▸ Collected data:
# # # #

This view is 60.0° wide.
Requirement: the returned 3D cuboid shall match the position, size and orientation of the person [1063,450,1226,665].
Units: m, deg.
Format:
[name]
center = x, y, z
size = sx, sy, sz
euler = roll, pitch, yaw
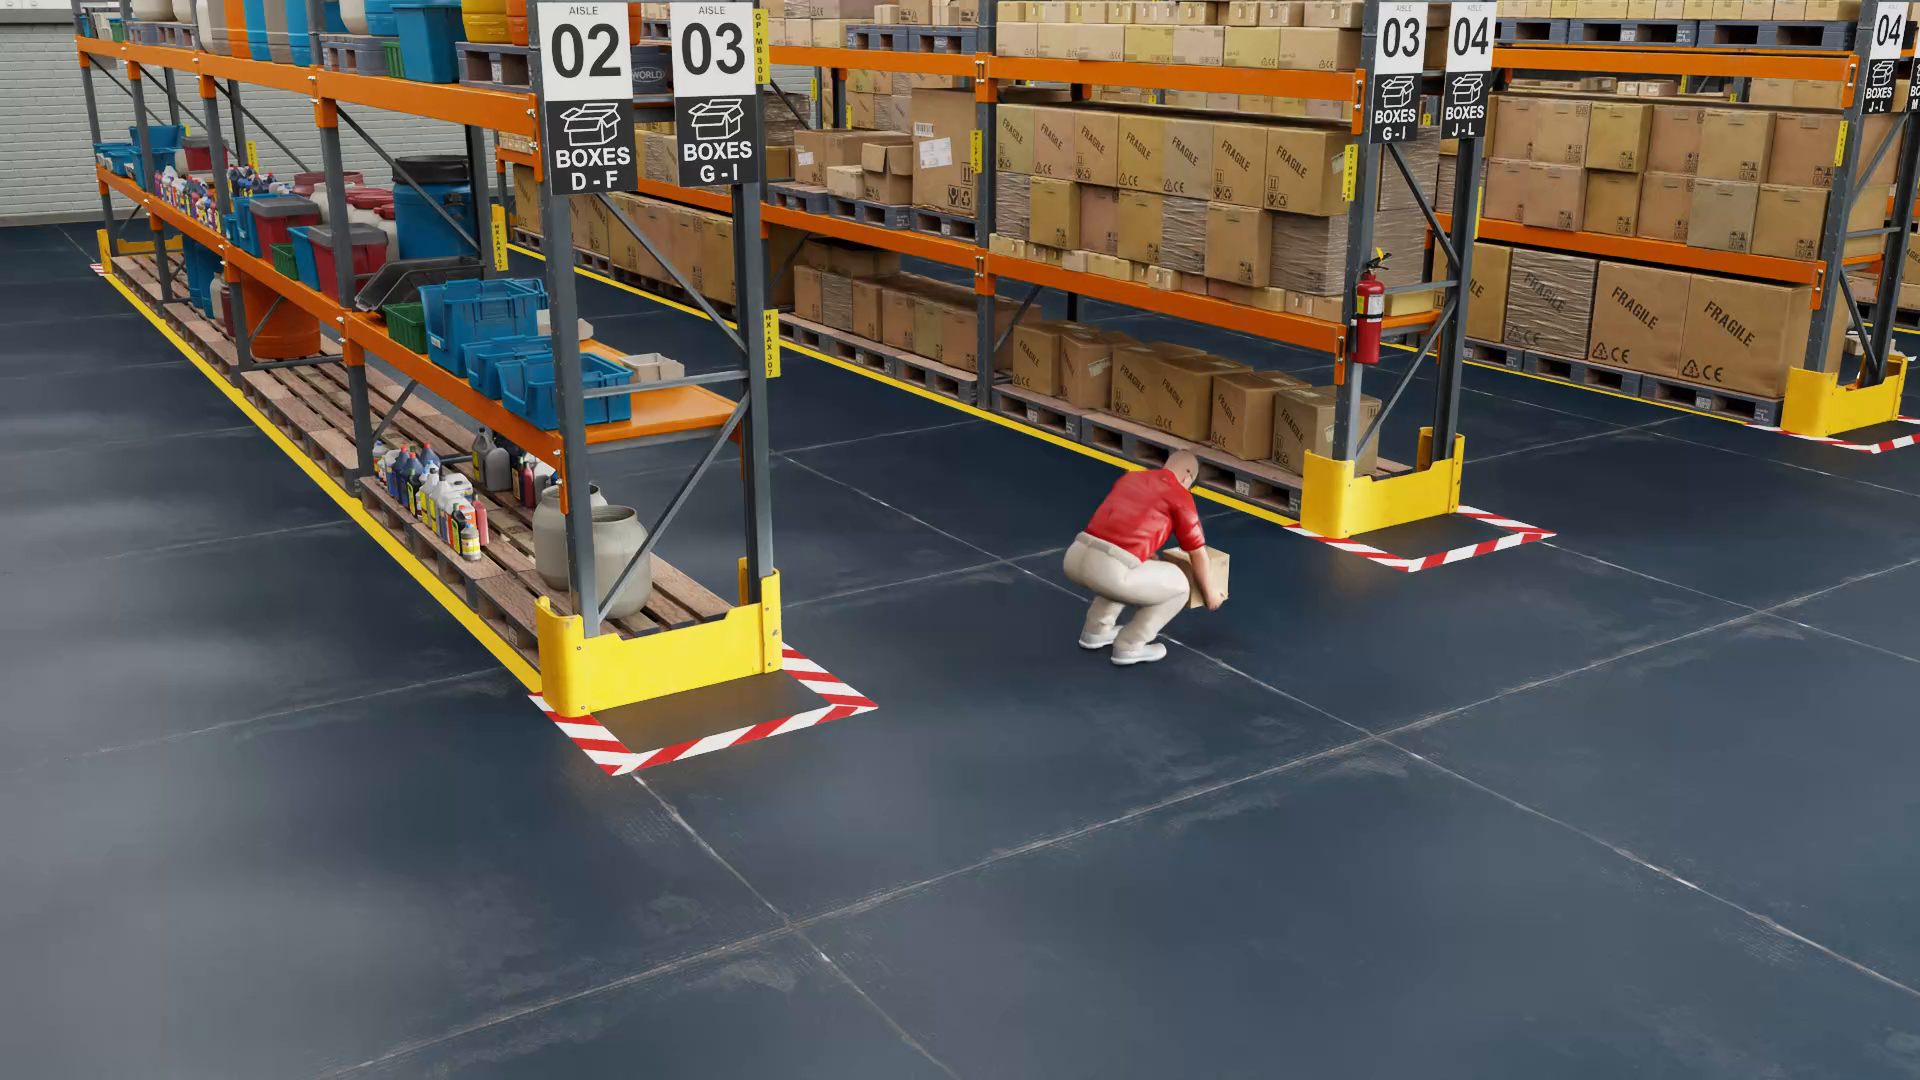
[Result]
[person]
center = 0.925, 0.075, 8.542
size = 0.877, 1.002, 0.567
euler = -12, 21, -32

# # # #

▸ What this task involves:
Please output only the lines running from the one that holds "center = x, y, z" through the last line of the entries, both ends included, without any images.

▸ Answer box:
center = x, y, z
size = sx, sy, sz
euler = roll, pitch, yaw
[Result]
[person]
center = 0.925, 0.075, 8.542
size = 0.877, 1.002, 0.567
euler = -12, 21, -32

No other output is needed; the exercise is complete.